Those lines on the spectrogram are not artifacts but missing samples due to apparent bugs in the integration code. I will write the alsa-lib plugin from scratch anyway (using plain libsoxr), ironing out these inconsistencies.

You might add dither -S. Though as far as I know the src takes care on aliasing, if you don't specifiy -a.

The code does not use sox. Libsoxr is a standalone library inspired by the sox rate effect, similar to what the foobar sox plugin does. It does not offer dither, as of now. It was created by audacity team. Just check libsoxr out in google.
 
Perhaps then that lib needs slightly to be extended to cover that what's required to run a SRC that covers all kind of scenarios.

IMO dither and SRC usually goes hand in hand.

I do not think dither should be part of the actual rate conversion code. Its proper place is in the format conversion code.

You can go ahead and build it into the alsa-lib format conversion code, used e.g. git.alsa-project.org Git - alsa-lib.git/blob - src/pcm/pcm_rate.c . It would require quite a redesign though.

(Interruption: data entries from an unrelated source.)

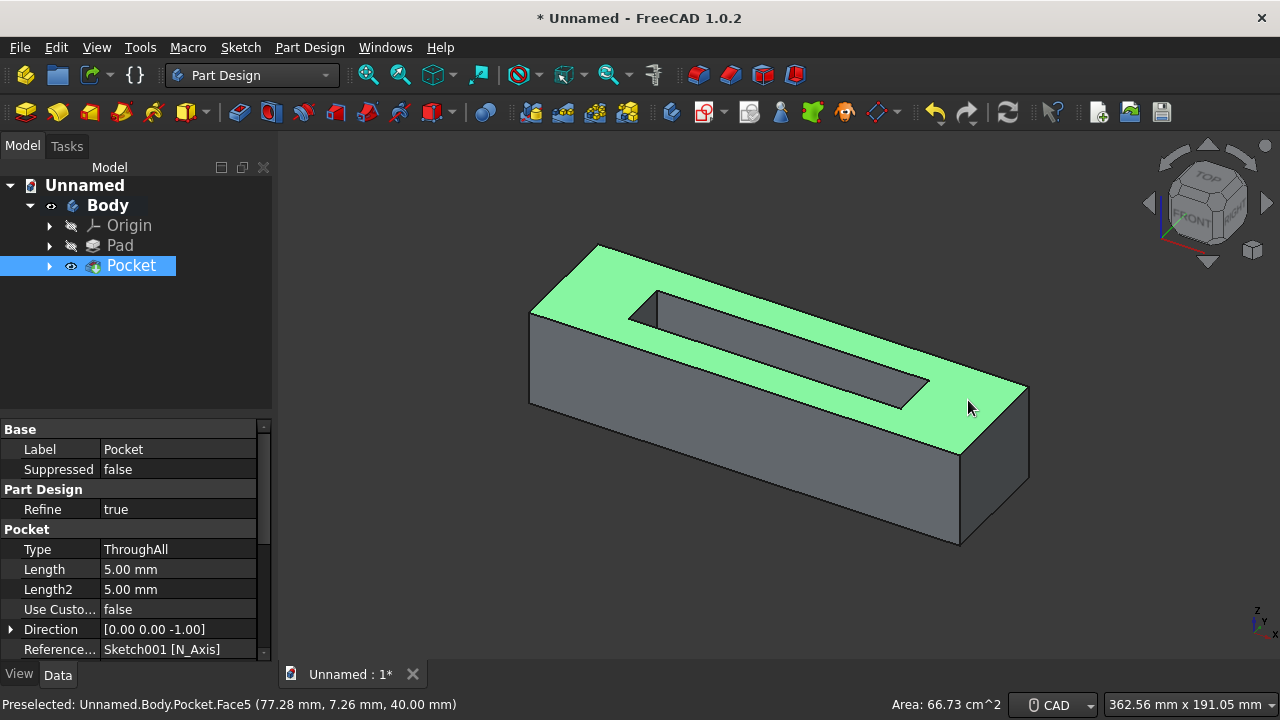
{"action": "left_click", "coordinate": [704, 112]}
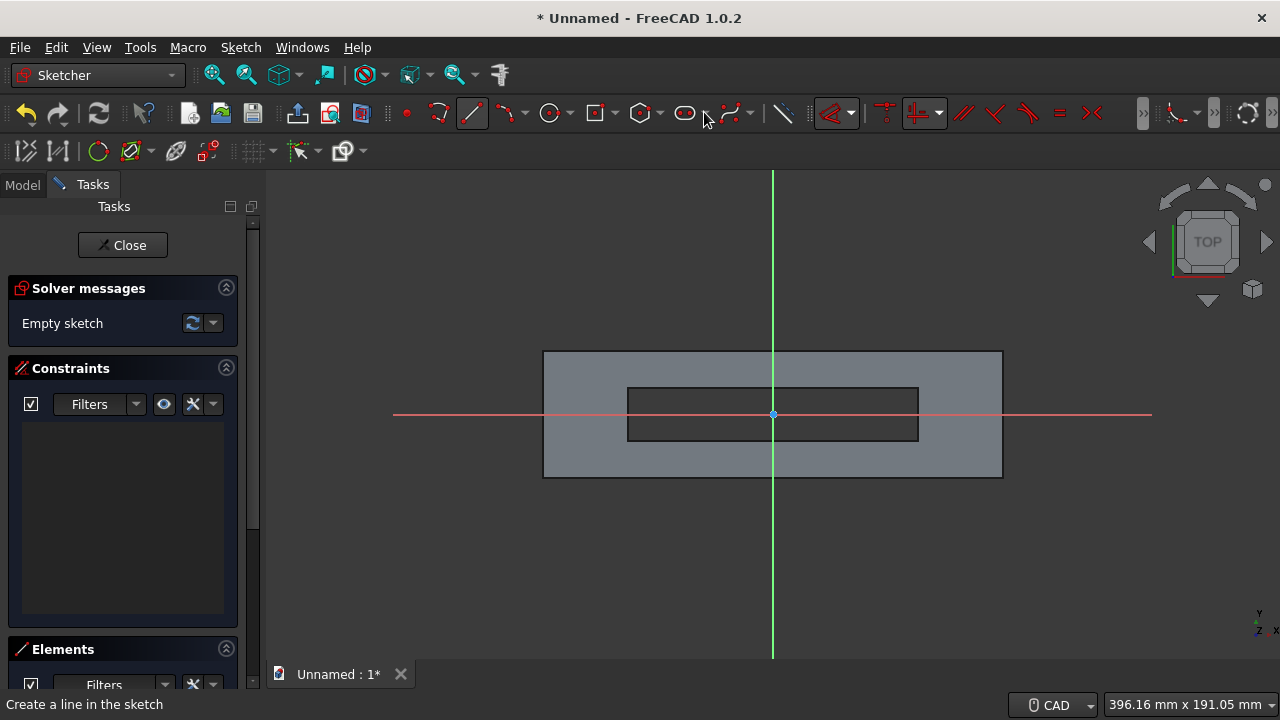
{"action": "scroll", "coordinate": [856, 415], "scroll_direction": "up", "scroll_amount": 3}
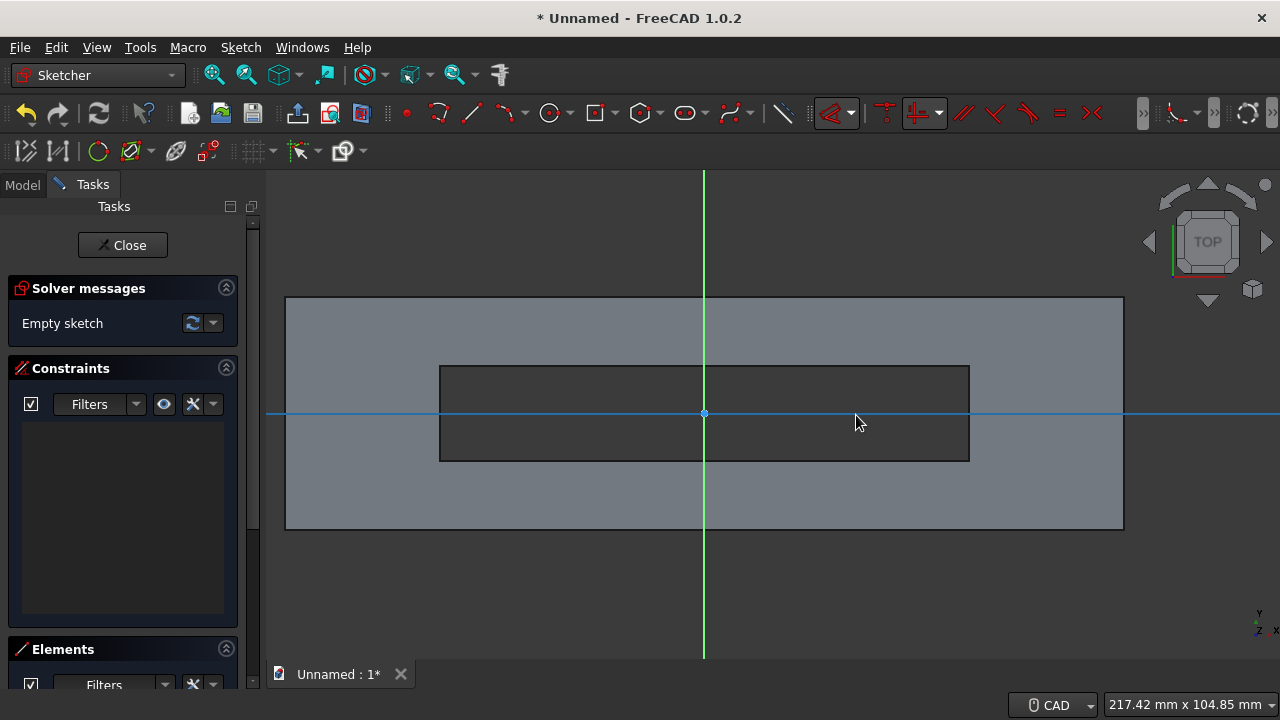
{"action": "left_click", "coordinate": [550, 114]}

IMO dither for playback chain is not that important anymore. It makes sense only for decimation to fewer than 24 bits (just like sox does SourceForge - sox/sox/blob - src/sox.c ), while most modern audio interfaces support 24 bit already, avoiding the int16 conversion along the whole chain (in my modified pcm_rate.c code).
 
There are people and companies dithering even 24/96 to clean up potential mess in the non audible regions.

Upper region mess might get spit back into the audible regions.


And sorry. Alsa development is not my area of involvement. ;) I'm still a happy user of Alsa and concentrate on different stuff.


BTW. Many people consider the IZOTOPE SRC the best. I still havn't been able to compare Sox and Izotope. Has anybody else around here managed??